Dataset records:
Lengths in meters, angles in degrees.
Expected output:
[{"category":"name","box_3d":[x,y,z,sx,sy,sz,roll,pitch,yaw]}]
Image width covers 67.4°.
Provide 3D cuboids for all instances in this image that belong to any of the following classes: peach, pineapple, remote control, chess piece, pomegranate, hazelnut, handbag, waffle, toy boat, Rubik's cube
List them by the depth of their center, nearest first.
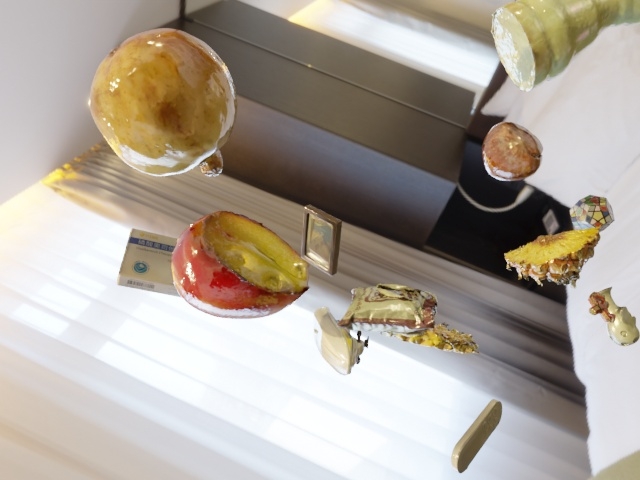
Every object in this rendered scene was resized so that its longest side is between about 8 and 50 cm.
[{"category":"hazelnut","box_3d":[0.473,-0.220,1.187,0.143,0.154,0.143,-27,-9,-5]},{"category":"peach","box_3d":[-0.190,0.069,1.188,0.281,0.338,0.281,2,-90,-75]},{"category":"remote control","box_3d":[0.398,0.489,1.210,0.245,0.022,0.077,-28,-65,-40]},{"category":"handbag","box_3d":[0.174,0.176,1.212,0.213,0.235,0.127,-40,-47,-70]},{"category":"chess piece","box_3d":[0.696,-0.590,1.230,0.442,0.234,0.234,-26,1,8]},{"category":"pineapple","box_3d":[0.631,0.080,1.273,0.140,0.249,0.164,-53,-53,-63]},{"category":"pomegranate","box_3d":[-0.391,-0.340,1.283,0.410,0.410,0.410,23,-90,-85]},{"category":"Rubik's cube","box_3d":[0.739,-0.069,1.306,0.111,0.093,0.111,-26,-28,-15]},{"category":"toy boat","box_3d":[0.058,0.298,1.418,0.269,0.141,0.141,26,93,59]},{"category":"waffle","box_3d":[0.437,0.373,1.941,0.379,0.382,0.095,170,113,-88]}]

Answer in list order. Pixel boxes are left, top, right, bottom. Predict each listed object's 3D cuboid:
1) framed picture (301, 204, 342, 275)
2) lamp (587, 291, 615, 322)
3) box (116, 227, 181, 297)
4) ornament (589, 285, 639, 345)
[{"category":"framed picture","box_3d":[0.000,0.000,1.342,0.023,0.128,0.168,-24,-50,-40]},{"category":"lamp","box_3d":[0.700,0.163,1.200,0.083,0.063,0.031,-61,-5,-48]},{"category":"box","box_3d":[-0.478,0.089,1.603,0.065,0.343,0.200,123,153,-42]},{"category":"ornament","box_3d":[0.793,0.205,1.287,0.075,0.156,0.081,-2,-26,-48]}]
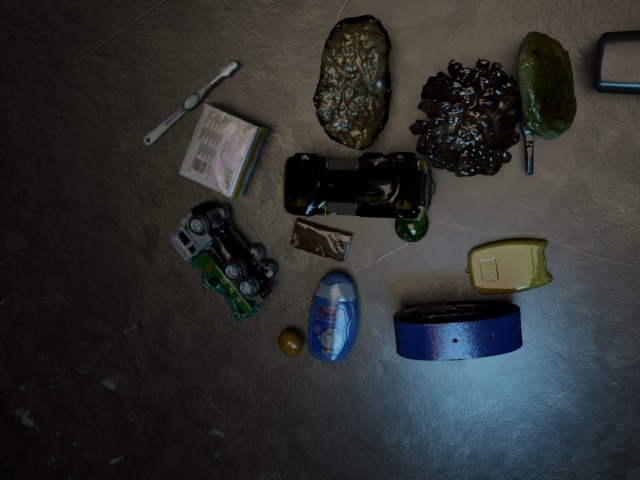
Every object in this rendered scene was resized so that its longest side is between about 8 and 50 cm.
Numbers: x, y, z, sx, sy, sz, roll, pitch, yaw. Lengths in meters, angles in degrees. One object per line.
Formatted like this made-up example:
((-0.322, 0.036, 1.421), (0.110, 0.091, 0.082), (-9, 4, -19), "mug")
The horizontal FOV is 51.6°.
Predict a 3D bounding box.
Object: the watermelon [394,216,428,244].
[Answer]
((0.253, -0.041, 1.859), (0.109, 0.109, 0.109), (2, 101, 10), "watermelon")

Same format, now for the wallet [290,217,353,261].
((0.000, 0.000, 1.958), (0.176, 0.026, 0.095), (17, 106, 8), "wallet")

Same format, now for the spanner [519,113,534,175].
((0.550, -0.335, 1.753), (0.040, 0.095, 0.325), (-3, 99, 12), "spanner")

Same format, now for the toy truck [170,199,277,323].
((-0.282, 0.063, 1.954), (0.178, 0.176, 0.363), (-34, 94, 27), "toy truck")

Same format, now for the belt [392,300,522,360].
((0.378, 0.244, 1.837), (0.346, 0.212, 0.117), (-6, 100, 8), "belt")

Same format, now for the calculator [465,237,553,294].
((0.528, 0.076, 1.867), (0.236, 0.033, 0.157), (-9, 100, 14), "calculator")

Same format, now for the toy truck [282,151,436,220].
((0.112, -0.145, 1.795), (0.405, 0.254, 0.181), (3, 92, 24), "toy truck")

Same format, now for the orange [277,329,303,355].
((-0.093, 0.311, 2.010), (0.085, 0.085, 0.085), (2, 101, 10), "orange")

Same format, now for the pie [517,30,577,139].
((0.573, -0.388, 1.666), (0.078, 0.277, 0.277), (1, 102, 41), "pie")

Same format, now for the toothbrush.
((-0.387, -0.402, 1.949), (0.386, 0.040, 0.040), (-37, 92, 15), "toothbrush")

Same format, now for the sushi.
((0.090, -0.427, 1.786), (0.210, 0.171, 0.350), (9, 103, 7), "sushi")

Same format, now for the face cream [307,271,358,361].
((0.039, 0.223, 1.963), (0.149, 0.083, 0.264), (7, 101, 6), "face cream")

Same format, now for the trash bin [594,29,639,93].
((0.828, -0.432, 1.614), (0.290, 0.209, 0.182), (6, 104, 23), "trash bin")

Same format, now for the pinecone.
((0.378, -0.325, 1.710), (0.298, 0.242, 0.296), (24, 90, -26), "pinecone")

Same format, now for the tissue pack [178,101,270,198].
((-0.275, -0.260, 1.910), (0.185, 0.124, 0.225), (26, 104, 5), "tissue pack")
* * *
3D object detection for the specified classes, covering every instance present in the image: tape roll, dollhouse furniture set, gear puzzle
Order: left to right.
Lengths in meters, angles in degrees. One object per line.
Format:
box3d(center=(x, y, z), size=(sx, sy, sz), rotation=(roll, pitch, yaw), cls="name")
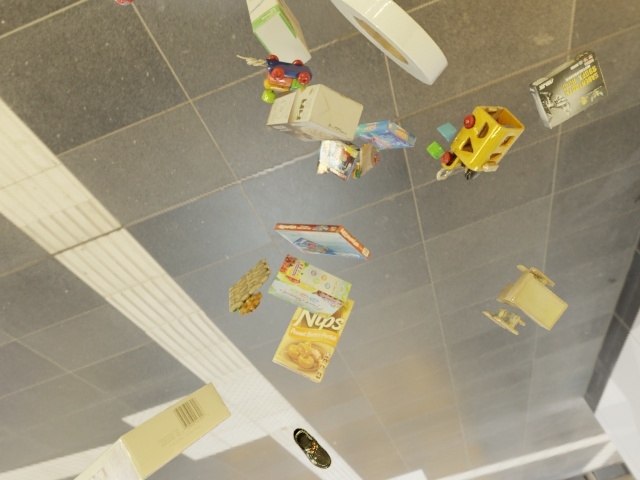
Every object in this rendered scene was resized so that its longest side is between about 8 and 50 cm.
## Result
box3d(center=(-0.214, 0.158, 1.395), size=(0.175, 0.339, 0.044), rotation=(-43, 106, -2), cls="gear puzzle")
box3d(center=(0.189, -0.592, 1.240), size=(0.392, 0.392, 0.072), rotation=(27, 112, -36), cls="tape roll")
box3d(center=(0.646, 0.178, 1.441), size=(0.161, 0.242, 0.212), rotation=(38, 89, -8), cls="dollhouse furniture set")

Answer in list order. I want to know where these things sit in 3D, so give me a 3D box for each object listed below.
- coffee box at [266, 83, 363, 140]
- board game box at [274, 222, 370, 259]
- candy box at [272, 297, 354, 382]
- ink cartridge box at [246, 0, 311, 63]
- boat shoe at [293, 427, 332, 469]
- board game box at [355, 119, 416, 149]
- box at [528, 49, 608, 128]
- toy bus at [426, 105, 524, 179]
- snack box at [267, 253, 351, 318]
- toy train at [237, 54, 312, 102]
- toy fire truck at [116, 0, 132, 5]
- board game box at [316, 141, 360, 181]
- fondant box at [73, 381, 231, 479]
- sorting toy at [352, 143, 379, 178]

● **Assignment**: Extract every line from the records above that contains the word "listed".

● **Task solution**:
Answer in list order. Pixel boxes are left, top, right, bottom. Predict each listed object's 3D cuboid:
Answer in list order. I want to know where these things sit in 3D, so give me a 3D box for each object listed below.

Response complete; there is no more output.